Politik | Ausland
04.11.2017

Regionalwahl in Slowakei: Rechtsextreme vor Zugewinnen

Staatspräsident Kiska rief zur Teilnahme auf.

Bei den Regionalwahlen in der Slowakei wurde am Samstag ein weiterer Stimmenzuwachs für die offen rassistisch und antisemitisch auftretende Volkspartei Unsere Slowakei LSNS befürchtet. Staatspräsident Andrej Kiska rief die Wähler bei der Stimmabgabe in der nordslowakischen Stadt Poprad auf, rief zur Teilnahme auf.

"Nützen Sie ihr Wahlrecht, damit nicht die modernen Faschisten Stimmen und Sitze gewinnen!", sagte er laut slowakischen Medien. Stärkste Kraft dürften in den meisten Regionen Umfragen zufolge die Sozialdemokraten von Ministerpräsident Robert Fico (Smer) bleiben.

Sehr niedrige Wahlbeteiligung

Die Beteiligung an Regionalwahlen ist in der Slowakei traditionell niedrig und erreichte zuletzt nur wenig mehr als zwanzig Prozent. Das erleichterte Überraschungssiege von Parteien und Kandidaten mit geringen Sympathiewerten in Umfragen, aber sehr entschlossen wählender Anhängerschaft.

Kotleba siegte überraschend 2013

2013 erreichte die LSNS auch dank der niedrigen Wahlbeteiligung einen historischen Durchbruch, als ihr Parteiführer Marian Kotleba überraschend zum Chef der flächengrößten Region Banska Bystrica gewählt wurde.

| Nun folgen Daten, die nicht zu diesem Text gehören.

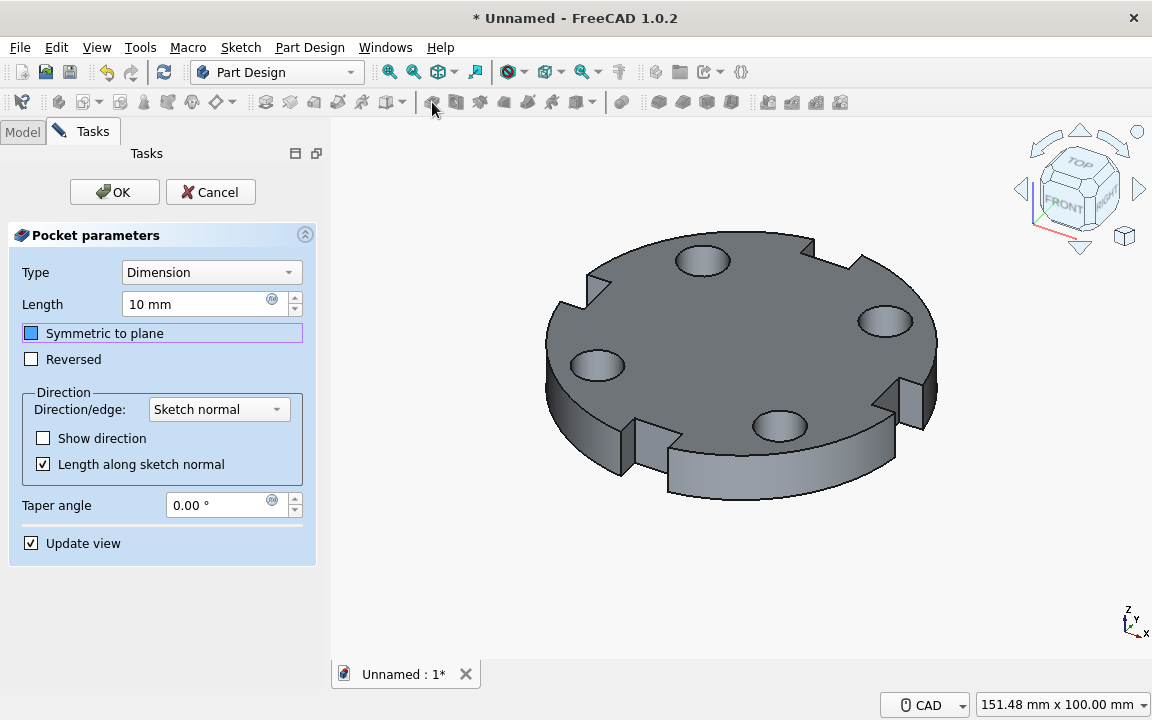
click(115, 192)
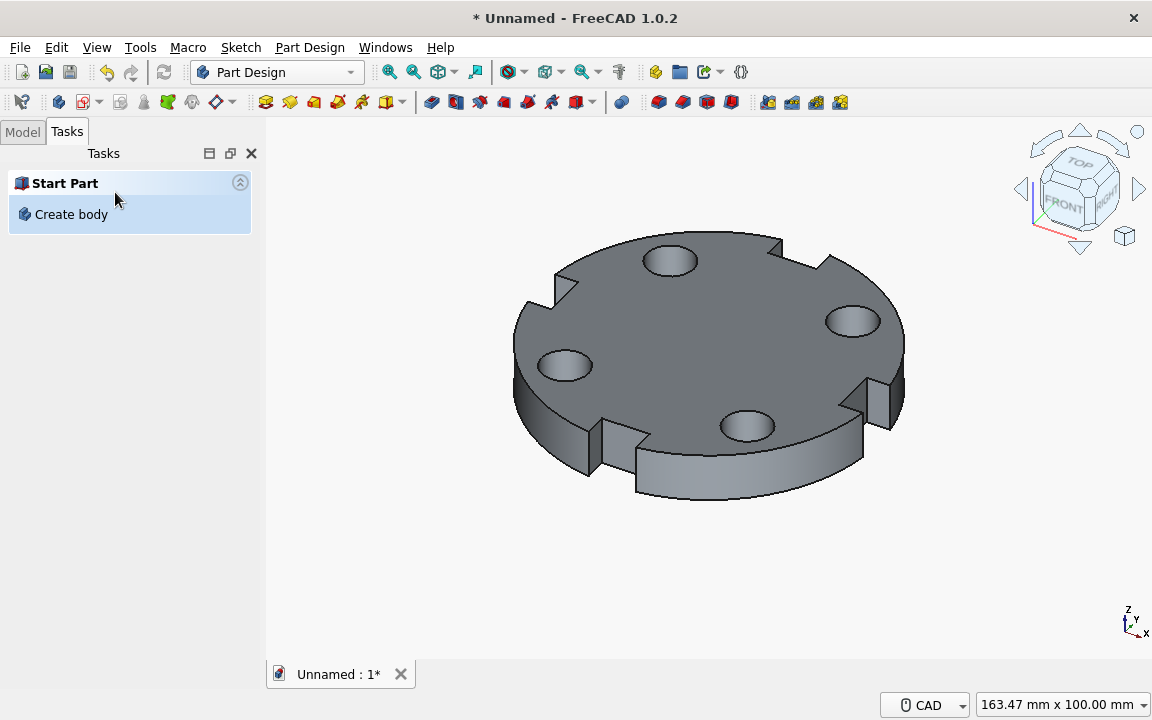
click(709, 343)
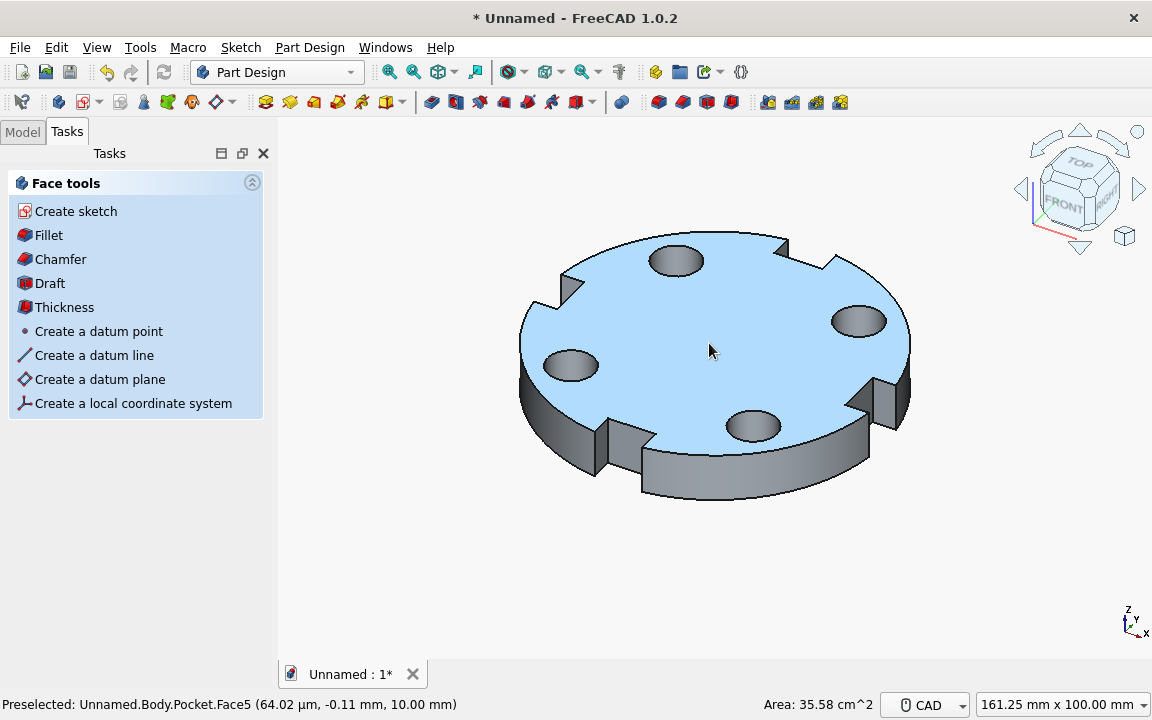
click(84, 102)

Mehrere demokratische Kandidaten in der Region haben diesmal vor dem Urnengang ihre Kandidatur zugunsten des parteilosen Unternehmers Jan Lunter zurückgezogen, um die Stimmen gegen die Rechtsextremisten nicht aufzusplittern. Gemeinsam hoffen sie auf eine Abwahl Kotlebas.

Der Erfolg Kotlebas bei der Regionalwahl 2013 gab den Extremisten, die vorher bei Wahlen kaum über ein Prozent Wähleranteil gekommen waren, landesweit starken Auftrieb. Bei der Wahl 2016 konnten sie mit acht Prozent ins nationale Parlament einziehen und verzeichnen seither steigende Sympathiewerte. Ähnlich wie in anderen Ländern Europas bekommen Kotleba und seine Extremisten immer mehr Zulauf von Protestwählern, die sich von traditionellen Parteien im Stich gelassen fühlen, erklären Politologen.

Von Zwischenfällen wurde bis zum Abend nichts bekannt. Für kleinere Aufregung sorgte ein Mitglied der lokalen Wahlkommission in Wahllokal in Brezno (Region Banska Bystrica), das ein grünes Oberteil mit einem Parteilogo trug.

Ergebnisse am Sonntag

In allen acht Regionen des Landes waren insgesamt 4,4 Millionen Wahlberechtigte aufgerufen, die Regionalparlamente und in Direktwahl die jeweiligen Regionspräsidenten zu wählen. Die Wahllokale öffneten um 7.00 Uhr und sollten bis 22.00 Uhr geöffnet bleiben. Mit Ergebnissen wurde im Laufe des Sonntags gerechnet.

Prognosen

Experten sagen einen Wahlsieg der Sozialdemokraten in mindestens fünf der acht Regionen voraus. Damit würde die Smer ihre jetzigen Positionen nahezu bestätigen. Seit 2013 stellt Ficos Partei sechs der acht Regionspräsidenten im Land und dominiert auch in den meisten Regionalparlamenten. Nur im nordslowakischen Zilina hat die bürgerliche Opposition mit Erika Jurinova von der Protestpartei Gewöhnliche Menschen (Olano) wohl eine reale Chance.